OTB - Ordem dos Trabalhadores do Brasil        Quarta-Feira, 22 de Janeiro de 2020

OTB - Ordem dos Trabalhadores do Brasil - Trabalhando pelos direitos dos Trabalhadores

Funcionalismo: o fim da elite dos servidores

Termino dos privilégios da elite do funcionalismo e reajuste pela inflação para a base melhorariam o serviço público. Foto: Reprodução

Por Paulo Campos dia em Nossos Direitos e Conquistas

Funcionalismo: o fim da elite dos servidores
  • Compartilhe esse post
  • Compartilhar no Facebook00
  • Compartilhar no Google Plus00
  • Compartilhar no Twitter

Agência Trabalhador – São Paulo Capital

No editorial do jornal O Estado de São Paulo de 25 de dezembro, duas afirmações sobre a necessária reforma do serviço público chamaram atenção.
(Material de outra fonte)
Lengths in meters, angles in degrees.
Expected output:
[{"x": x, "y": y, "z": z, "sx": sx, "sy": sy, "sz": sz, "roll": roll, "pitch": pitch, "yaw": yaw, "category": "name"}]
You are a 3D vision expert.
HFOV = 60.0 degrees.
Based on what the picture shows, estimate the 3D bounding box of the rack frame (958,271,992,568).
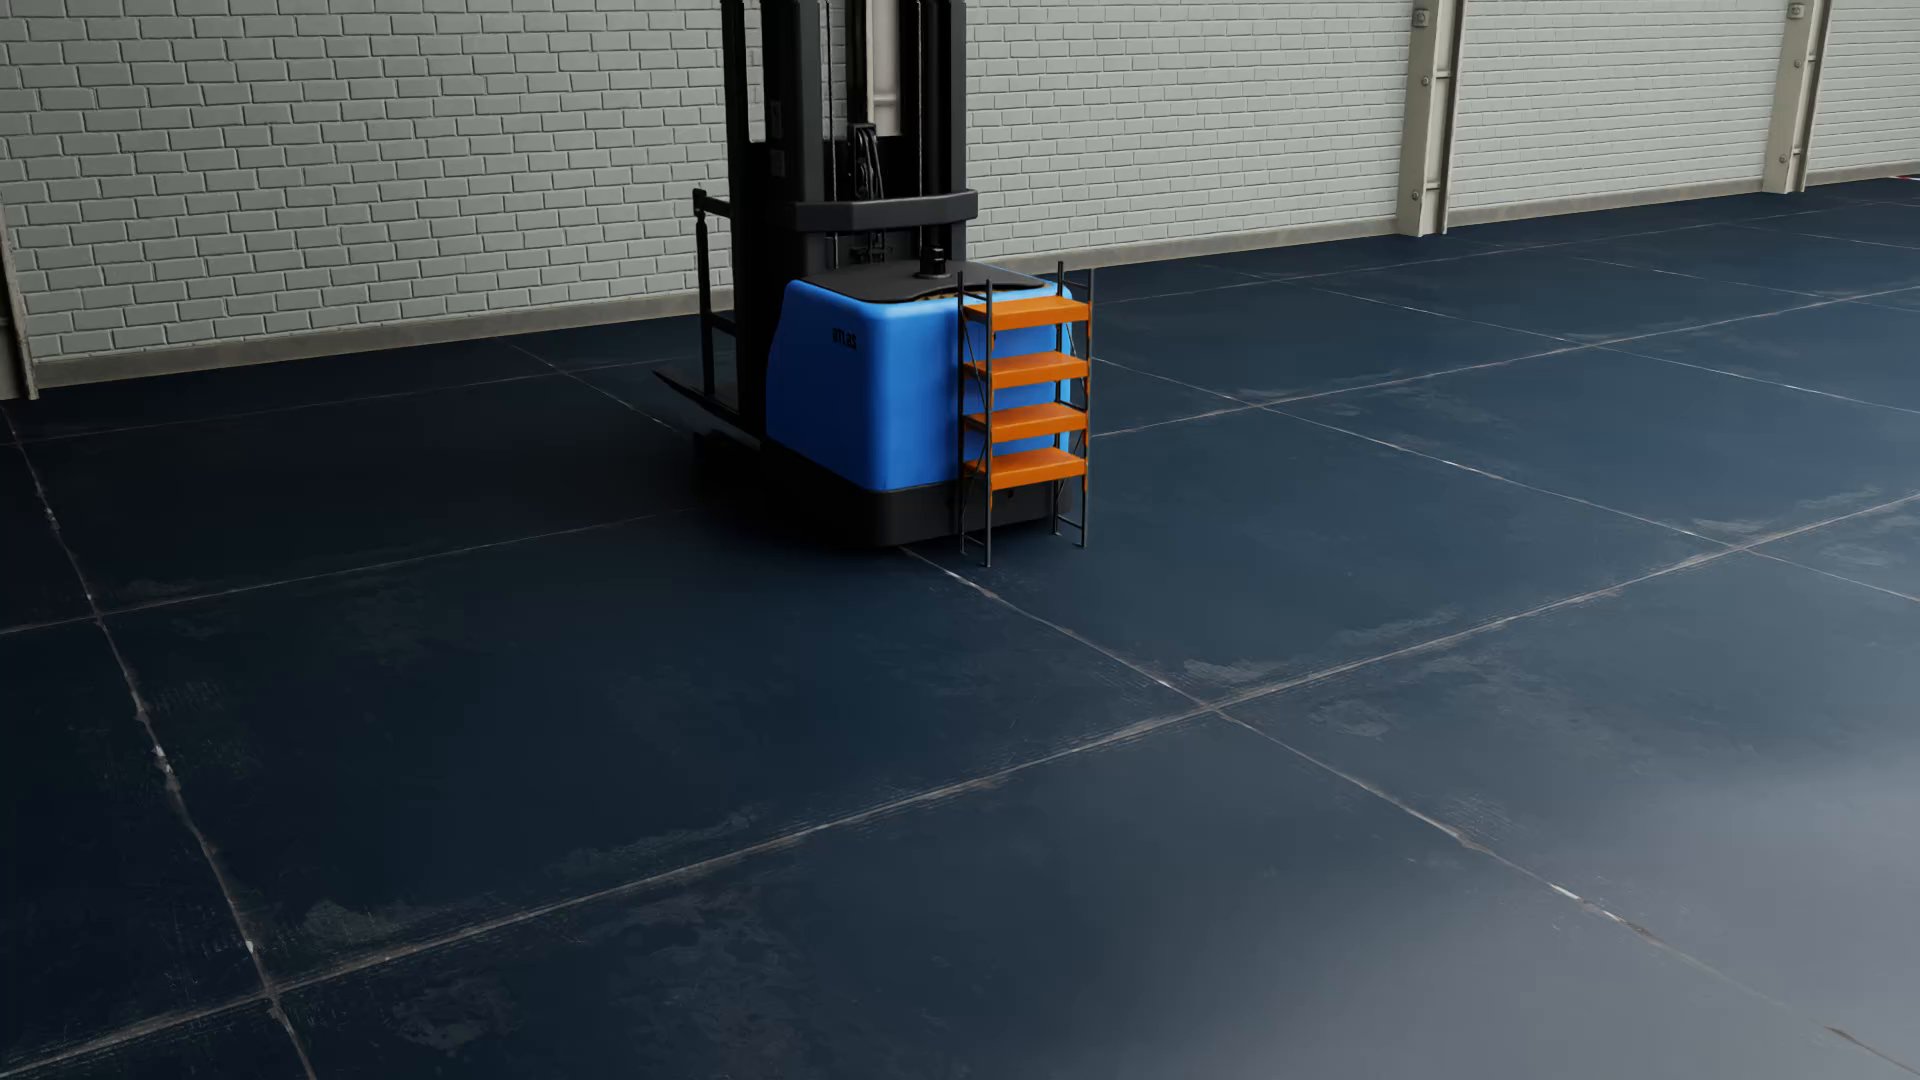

O texto, que reflete a opinião do veículo, explicou que “entre as reformas estruturantes necessárias para que o País entre na rota do desenvolvimento sustentável, a mais decisiva, não apenas do ponto de vista fiscal ou da eficiência da máquina estatal, mas da moralidade pública, é a reforma administrativa. Cada vez que vêm à tona novos dados seja sobre as assimetrias entre a esfera pública e a privada ou entre a elite e a base da própria administração pública, seja sobre o desempenho do serviço público ou sobre o seu descontrole orçamentário isso fica mais claro”.

Para os servidores da base, parece que finalmente perceberam que não são todos os servidores que são privilegiados. As “assimetrias entre a elite e a base da ... administração pública”, que o texto refere, são justamente os infindáveis benefícios, verbas e reajustes concedidos apenas aos servidores considerados de alto escalão, enquanto os servidores comuns, aqueles que atendem à população permanecem abandonados.

Política comum na Prefeitura de São Paulo que, enquanto não reajusta salário dos servidores comuns (ou reajusta simbolicamente em 0,01%) por anos seguidos, nunca deixa de manter atualizados salários dos servidores da Câmara Municipal e do Tribunal de Contas. Estes tem benefícios, reajustes e salários (muito) diferenciados.

A Prefeitura de São Paulo necessita urgente da “moralidade pública” que o editorial define como essencial para o desenvolvimento sustentável.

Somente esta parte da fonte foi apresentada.